Search code examples
cgccclangcompiler-optimizationstrict-aliasing

Stricit aliasing violation: Why gcc and clang generate different output?


When the typecasting violates the strict aliasing rule in C and C++, a compiler may optimize in such a way that wrong constant value can be propagated and unaligned access could be allowed, which results in performance degradation or bus errors.

I wrote a simple example to see how the compiler optimize the constant when I violate the strict aliasing rule in GCC & Clang.

Here is the code and instructions that I got.

#include <stdio.h>
#include <stdlib.h>

int
foo () //different result in C and C++
{
    int x = 1;
    long *fp = (long *)&x;
    *fp = 1234L;

    return x;
}

//int and long are not compatible 
//Wrong constant propagation as a result of strict aliasing violation
long
bar(int *ip, long *lp)
{
    *lp = 20L;
    *ip = 10;

    return *lp;
}

//char is always compatible with others
//constant is not propagated and memory is read
char
car(char *cp, long *lp)
{
    *cp = 'a';
    *lp = 10L;
    return *cp;
}

When I compile the code with the GCC 8.2 with -std=c11 -O3 option.

foo:
  movl $1234, %eax
  ret
bar:
  movq $20, (%rsi)
  movl $20, %eax
  movl $10, (%rdi)
  ret
car:
  movb $97, (%rdi)
  movq $10, (%rsi)
  movzbl (%rdi), %eax
  ret

When I compile the code with the clang 7.0 with -std=c11 -O3 option.

foo: # @foo
  movl $1, %eax
  retq
bar: # @bar
  movq $20, (%rsi)
  movl $10, (%rdi)
  movl $20, %eax
  retq
car: # @car
  movb $97, (%rdi)
  movq $10, (%rsi)
  movb (%rdi), %al
  retq

bar and car function generate almost same instruction sequences and the return values are same in both case; bar violates the rule, and constant is propagated; and car doesn't violate and the correct value is read from the memory.

However, for the foo function which violates the strict aliasing rule generate different output output in GCC and Clang; gcc propagates the correct value stored in the memory (but not with the memory reference), and clang propagates a wrong value.
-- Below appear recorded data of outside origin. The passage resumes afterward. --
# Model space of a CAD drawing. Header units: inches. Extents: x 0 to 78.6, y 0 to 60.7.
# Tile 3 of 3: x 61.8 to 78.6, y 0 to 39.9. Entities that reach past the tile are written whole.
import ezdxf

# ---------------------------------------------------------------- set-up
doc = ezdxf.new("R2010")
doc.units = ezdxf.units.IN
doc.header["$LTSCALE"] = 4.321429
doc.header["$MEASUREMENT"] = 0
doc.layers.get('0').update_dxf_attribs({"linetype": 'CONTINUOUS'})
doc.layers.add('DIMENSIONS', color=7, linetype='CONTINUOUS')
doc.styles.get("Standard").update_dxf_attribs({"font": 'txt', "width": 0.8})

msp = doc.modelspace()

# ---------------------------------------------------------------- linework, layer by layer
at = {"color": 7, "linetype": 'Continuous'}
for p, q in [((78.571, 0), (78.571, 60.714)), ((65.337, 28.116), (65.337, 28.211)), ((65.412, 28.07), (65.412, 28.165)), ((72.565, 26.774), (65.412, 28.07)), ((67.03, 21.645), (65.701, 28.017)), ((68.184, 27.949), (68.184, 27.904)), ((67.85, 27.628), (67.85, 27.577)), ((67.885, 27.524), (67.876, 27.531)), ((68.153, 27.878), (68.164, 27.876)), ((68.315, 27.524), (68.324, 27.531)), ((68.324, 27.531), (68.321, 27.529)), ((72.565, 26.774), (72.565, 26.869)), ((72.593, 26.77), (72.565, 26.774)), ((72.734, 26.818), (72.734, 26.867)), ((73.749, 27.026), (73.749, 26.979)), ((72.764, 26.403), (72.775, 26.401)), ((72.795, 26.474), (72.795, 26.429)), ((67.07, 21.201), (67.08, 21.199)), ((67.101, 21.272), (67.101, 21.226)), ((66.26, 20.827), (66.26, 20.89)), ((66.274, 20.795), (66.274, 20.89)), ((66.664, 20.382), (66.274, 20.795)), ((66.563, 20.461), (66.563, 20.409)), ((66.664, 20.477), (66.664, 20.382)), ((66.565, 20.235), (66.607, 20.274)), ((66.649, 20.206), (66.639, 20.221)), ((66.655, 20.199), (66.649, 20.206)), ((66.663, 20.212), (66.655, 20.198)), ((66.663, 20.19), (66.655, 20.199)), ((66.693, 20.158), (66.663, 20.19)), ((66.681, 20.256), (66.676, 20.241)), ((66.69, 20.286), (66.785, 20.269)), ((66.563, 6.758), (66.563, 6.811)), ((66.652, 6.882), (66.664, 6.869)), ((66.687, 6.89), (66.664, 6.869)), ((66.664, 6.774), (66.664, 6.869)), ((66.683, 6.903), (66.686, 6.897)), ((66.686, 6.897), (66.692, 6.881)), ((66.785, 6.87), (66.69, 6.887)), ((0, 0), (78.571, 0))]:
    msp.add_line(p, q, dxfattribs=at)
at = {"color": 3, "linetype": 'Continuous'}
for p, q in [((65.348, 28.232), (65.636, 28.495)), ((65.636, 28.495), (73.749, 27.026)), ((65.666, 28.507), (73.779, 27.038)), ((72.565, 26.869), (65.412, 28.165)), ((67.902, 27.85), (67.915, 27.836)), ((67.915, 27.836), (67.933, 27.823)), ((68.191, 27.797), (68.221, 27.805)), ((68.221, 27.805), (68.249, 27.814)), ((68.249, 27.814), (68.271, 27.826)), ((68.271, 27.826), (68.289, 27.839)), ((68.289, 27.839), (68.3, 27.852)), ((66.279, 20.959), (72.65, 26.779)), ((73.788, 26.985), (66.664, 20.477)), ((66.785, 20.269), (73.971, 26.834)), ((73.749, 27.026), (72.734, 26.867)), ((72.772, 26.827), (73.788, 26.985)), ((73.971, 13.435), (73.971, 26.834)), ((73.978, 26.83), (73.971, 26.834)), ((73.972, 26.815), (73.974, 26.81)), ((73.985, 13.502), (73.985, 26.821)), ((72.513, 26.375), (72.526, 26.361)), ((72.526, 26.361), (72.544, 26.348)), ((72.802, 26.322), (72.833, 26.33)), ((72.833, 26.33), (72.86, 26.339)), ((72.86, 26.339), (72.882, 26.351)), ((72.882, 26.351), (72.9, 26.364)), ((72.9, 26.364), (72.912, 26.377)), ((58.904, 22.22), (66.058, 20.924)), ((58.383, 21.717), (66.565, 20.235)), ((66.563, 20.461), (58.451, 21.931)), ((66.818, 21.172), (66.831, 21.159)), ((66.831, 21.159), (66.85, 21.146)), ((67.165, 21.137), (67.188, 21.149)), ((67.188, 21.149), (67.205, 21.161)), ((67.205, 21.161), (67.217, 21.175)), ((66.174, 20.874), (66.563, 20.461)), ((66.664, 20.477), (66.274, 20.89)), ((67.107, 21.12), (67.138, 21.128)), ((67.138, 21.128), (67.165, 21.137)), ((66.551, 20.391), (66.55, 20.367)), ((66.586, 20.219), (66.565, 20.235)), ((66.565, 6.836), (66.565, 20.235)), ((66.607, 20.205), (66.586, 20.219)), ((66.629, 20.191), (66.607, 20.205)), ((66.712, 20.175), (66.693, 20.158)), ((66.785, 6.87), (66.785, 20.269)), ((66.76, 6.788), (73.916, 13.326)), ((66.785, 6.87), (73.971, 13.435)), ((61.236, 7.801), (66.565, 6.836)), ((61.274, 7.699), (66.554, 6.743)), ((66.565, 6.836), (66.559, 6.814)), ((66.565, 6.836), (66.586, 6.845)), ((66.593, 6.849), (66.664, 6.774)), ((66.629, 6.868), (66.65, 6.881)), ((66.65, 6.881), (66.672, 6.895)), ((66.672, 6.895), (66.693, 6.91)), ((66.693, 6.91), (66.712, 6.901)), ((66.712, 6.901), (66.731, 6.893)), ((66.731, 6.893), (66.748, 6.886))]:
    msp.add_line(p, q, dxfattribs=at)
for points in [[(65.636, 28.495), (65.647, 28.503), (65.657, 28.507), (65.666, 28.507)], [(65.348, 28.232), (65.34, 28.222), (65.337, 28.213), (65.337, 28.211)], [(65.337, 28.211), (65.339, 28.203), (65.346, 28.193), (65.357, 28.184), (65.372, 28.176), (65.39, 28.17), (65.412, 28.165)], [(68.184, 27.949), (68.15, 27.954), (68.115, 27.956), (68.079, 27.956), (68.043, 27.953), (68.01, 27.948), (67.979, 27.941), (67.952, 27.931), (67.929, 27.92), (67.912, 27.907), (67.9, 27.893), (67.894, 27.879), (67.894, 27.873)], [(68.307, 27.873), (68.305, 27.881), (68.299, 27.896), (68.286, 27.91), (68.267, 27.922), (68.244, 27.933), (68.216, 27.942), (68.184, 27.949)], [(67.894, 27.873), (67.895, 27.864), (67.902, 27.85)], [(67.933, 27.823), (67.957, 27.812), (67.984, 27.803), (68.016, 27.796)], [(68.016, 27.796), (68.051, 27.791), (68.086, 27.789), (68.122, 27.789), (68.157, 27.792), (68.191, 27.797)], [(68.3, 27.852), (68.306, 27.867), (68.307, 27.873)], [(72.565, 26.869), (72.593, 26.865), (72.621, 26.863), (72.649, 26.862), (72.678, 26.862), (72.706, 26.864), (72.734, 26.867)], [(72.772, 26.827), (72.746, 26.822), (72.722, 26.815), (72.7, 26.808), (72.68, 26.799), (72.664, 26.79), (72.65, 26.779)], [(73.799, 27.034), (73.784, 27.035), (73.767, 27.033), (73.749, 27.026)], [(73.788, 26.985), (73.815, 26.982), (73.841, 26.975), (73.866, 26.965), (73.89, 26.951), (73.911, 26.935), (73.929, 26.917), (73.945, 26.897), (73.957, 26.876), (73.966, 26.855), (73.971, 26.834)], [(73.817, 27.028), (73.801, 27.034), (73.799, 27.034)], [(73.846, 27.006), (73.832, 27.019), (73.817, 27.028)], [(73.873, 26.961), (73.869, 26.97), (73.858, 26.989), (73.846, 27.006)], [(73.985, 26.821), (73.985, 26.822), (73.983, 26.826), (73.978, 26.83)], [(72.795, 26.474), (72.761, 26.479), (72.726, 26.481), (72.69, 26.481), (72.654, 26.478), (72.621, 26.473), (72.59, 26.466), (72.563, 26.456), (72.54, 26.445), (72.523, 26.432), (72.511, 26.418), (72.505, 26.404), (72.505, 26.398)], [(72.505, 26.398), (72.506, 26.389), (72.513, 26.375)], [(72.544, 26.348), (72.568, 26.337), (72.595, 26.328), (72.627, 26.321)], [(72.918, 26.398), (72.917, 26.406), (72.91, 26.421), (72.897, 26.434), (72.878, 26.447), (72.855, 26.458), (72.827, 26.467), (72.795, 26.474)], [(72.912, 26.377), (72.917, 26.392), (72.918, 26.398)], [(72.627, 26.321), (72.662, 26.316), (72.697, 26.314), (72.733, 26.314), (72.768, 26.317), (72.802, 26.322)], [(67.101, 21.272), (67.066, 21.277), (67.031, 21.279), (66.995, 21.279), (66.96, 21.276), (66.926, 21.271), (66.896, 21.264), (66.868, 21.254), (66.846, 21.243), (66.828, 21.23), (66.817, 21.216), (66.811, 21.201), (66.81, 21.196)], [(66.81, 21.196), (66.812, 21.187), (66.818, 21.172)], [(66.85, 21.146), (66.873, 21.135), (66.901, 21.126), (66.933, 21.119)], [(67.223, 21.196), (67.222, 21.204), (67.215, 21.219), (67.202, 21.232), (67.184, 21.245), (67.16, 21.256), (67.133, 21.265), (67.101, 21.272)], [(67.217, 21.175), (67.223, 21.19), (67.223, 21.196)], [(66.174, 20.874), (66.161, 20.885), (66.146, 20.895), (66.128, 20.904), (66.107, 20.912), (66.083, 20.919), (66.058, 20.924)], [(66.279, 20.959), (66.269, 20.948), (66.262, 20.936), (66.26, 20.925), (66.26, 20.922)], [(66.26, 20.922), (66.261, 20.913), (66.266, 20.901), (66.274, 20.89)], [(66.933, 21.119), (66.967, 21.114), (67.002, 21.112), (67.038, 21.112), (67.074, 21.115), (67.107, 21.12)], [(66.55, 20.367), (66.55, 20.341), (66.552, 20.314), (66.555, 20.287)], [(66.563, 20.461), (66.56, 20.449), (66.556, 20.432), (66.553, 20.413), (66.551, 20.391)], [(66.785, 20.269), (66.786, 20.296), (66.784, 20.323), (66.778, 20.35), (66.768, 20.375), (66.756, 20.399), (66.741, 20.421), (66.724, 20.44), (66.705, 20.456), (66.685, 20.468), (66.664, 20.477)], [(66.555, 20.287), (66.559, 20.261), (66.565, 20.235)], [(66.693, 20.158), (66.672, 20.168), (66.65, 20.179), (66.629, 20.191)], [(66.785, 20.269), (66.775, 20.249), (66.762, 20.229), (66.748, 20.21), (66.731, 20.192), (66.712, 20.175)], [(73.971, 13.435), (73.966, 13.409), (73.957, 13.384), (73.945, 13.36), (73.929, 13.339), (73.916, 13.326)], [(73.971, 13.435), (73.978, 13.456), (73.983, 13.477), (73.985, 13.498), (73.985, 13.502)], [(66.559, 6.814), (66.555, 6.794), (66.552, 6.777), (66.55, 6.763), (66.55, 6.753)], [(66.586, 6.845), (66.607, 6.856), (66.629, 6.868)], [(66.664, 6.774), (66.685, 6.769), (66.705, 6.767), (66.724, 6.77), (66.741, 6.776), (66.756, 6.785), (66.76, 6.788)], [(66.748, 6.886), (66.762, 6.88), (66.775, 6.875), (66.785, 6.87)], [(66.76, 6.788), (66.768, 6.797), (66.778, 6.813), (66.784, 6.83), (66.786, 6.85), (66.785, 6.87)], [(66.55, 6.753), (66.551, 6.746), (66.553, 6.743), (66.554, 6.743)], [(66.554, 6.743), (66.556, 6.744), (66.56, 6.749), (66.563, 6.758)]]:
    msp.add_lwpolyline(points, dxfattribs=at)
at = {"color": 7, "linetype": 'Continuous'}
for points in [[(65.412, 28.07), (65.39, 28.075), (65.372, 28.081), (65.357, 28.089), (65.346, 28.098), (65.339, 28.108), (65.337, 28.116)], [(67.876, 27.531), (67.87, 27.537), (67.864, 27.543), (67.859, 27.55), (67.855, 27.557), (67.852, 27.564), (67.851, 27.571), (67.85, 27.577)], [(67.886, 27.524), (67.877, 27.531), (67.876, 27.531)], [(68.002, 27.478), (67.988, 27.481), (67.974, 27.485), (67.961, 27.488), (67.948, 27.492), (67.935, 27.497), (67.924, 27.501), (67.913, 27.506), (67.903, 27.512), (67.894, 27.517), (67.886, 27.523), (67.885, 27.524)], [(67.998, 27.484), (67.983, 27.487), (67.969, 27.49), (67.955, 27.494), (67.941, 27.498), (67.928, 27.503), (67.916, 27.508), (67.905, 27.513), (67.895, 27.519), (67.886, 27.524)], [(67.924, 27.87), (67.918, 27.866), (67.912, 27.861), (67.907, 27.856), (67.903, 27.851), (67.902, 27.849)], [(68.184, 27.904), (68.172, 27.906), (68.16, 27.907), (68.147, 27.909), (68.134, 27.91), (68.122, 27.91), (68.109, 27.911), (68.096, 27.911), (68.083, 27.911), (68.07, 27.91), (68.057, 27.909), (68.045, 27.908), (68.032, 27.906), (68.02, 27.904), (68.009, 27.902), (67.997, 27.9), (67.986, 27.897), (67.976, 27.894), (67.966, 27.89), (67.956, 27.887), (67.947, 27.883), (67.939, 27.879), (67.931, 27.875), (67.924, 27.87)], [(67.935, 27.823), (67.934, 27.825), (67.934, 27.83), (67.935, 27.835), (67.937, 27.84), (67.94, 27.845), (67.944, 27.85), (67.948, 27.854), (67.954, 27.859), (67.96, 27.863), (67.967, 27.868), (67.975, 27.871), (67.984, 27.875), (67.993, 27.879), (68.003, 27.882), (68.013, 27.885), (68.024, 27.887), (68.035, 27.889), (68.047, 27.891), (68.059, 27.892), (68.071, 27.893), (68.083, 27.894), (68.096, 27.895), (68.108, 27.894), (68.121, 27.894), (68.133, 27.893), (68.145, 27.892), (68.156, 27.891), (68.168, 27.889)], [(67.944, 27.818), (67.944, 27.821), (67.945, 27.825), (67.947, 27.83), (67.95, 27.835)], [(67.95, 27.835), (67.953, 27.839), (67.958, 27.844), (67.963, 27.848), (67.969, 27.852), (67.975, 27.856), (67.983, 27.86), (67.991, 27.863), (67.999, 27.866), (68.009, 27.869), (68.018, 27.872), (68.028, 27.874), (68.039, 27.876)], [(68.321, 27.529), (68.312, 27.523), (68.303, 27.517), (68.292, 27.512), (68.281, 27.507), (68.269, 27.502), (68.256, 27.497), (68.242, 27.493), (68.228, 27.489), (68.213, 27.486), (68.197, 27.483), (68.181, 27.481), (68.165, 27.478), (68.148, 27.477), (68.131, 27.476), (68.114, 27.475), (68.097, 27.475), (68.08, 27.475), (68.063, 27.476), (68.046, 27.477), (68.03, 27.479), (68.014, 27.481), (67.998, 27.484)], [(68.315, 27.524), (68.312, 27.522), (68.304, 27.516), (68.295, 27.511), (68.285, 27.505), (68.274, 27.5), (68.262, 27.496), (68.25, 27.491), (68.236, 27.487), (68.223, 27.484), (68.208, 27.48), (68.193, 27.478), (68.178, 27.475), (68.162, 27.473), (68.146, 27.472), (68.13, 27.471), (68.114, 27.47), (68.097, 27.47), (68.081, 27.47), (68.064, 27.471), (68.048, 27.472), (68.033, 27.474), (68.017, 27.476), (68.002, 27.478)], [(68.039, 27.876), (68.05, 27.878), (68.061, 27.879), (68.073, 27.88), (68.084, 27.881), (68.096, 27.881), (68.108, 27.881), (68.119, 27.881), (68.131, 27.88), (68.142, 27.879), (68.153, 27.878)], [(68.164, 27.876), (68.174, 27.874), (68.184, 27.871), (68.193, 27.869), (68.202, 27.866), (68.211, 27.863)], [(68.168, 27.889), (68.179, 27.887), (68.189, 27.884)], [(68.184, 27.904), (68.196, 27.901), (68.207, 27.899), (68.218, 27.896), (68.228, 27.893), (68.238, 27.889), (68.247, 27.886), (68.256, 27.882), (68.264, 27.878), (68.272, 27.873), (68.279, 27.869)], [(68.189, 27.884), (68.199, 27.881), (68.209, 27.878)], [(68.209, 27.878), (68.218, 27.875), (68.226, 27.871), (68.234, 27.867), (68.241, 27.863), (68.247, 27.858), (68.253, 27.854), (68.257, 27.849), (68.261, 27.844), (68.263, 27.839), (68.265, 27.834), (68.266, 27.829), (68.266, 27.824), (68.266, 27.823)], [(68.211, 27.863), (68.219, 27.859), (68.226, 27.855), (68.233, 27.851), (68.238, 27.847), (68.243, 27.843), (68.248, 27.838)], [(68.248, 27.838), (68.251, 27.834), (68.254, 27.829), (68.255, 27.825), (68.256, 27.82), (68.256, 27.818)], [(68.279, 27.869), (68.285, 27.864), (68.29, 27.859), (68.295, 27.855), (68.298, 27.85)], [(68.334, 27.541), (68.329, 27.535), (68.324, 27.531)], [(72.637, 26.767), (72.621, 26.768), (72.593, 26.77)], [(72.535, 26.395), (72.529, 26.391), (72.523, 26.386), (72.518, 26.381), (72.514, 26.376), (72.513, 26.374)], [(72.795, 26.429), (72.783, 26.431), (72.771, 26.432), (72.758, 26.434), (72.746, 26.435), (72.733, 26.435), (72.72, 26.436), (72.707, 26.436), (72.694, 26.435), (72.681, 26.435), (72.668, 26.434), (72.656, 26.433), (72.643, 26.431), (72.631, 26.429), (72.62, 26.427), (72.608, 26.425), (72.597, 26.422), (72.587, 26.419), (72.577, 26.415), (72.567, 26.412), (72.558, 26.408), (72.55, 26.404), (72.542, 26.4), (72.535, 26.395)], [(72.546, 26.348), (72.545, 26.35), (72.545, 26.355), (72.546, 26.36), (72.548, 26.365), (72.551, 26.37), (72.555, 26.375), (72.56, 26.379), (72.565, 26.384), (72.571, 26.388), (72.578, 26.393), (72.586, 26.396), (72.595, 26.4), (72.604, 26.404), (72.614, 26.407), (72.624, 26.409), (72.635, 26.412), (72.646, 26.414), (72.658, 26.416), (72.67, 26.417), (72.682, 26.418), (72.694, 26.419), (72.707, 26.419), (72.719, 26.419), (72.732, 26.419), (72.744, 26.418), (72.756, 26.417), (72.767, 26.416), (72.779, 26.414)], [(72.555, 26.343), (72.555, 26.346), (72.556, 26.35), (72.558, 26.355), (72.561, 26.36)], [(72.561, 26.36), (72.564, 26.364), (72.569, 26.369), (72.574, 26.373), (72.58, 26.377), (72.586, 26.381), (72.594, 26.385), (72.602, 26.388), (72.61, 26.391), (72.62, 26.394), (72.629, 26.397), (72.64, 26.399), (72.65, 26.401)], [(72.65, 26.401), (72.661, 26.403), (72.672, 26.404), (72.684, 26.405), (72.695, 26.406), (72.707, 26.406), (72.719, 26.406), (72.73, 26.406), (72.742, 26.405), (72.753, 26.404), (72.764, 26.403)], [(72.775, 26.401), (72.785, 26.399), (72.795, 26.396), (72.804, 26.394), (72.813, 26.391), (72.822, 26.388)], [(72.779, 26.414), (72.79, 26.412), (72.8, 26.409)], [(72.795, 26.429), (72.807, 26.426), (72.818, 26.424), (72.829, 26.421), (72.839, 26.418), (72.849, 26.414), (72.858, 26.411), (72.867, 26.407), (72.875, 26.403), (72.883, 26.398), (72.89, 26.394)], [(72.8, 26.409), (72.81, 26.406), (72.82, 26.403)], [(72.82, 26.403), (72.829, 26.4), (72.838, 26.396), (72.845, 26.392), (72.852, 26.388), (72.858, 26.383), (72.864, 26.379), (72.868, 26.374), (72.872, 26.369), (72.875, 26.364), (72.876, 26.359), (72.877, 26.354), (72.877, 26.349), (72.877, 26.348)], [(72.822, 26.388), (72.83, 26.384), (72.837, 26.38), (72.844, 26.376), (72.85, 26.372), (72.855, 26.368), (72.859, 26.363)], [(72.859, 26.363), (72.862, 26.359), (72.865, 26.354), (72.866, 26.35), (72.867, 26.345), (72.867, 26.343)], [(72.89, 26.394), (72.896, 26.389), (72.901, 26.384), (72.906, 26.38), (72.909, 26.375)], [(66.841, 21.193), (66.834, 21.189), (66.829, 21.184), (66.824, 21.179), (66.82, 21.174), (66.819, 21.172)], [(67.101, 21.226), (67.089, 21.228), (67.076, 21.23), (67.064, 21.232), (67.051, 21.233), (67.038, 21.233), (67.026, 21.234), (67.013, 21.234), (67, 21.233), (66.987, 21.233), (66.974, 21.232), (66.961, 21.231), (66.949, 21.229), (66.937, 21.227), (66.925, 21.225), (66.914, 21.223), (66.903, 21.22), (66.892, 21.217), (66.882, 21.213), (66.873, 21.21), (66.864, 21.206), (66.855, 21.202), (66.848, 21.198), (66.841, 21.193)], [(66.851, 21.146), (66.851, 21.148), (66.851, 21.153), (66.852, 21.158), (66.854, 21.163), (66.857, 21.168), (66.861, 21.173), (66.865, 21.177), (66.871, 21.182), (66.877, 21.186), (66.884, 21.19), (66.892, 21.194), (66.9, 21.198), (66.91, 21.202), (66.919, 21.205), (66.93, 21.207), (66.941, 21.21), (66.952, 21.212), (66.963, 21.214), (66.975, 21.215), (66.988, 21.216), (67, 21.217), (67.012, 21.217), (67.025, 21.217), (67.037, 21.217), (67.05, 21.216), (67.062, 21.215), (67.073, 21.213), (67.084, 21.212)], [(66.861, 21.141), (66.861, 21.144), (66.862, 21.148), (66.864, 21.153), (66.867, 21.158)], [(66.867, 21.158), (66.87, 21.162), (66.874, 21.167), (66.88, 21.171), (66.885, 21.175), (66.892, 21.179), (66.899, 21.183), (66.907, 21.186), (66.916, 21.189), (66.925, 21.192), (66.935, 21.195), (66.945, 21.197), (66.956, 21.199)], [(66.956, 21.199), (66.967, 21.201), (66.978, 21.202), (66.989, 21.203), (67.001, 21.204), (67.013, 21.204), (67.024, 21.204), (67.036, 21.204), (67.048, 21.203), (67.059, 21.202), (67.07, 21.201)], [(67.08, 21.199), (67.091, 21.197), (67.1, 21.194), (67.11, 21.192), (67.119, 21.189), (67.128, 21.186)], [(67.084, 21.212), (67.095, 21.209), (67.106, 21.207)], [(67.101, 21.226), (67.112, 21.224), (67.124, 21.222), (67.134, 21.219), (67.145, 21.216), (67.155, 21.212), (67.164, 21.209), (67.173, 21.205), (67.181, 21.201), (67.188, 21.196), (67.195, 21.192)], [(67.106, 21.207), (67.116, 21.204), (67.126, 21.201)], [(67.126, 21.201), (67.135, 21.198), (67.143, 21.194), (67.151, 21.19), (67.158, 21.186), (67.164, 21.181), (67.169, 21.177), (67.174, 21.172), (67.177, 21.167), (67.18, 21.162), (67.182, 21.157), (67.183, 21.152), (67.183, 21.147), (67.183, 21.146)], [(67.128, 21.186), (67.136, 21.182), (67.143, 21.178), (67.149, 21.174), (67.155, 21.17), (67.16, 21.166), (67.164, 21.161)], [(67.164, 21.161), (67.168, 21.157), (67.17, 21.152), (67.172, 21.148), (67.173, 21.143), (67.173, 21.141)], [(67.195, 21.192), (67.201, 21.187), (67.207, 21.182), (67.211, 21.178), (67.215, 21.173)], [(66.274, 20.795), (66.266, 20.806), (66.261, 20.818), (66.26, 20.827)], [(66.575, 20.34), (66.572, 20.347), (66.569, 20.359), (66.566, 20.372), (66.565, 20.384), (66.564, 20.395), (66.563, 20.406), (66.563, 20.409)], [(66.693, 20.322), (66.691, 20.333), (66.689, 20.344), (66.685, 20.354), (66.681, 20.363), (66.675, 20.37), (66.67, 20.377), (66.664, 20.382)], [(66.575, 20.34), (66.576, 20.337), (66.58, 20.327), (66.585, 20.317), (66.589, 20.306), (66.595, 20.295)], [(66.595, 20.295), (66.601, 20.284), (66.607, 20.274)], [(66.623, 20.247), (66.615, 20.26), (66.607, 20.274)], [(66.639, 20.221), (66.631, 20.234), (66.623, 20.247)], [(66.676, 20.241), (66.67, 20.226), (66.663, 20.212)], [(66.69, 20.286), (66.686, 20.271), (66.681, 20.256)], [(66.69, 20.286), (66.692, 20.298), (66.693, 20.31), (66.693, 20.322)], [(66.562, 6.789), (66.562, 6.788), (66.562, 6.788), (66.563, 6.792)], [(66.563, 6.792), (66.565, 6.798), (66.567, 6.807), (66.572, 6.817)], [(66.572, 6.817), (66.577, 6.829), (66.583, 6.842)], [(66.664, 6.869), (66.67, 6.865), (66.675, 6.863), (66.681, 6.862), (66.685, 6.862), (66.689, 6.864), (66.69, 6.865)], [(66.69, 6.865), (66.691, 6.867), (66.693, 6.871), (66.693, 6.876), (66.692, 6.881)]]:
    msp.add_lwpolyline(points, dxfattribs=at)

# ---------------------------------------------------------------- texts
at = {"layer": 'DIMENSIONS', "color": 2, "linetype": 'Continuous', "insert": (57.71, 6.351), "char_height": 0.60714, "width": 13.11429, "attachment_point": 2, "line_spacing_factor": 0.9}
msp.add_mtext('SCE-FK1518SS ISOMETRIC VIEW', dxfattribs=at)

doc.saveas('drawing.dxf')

It seems that two compilers both apply the constant propagation as its optimization, but why two compilers generate a different result? Is it mean that GCC automatically finds out strict aliasing violation in the foo function and propagate the correct value?

Why they show different instruction streams and result?


Solution

  • Why can we say the bar doesn't violate the strict aliasing rule?

    If the code that calls bar does not violate strict aliasing, bar will not violate strict aliasing either.

    Let me give an example.

    Suppose we call bar like this:

    int x;
    long y;
    bar(&x, &y);
    

    Strict aliasing requires that two pointers of different types do not refer to the same memory. &x and &y are different types, and they refer to different memory. This does not violate strict aliasing.

    On the other hand, let's say we call it like this:

    long y;
    bar((int *) &y, &y);
    

    Now we've violated strict aliasing. However, the violation is the caller's fault.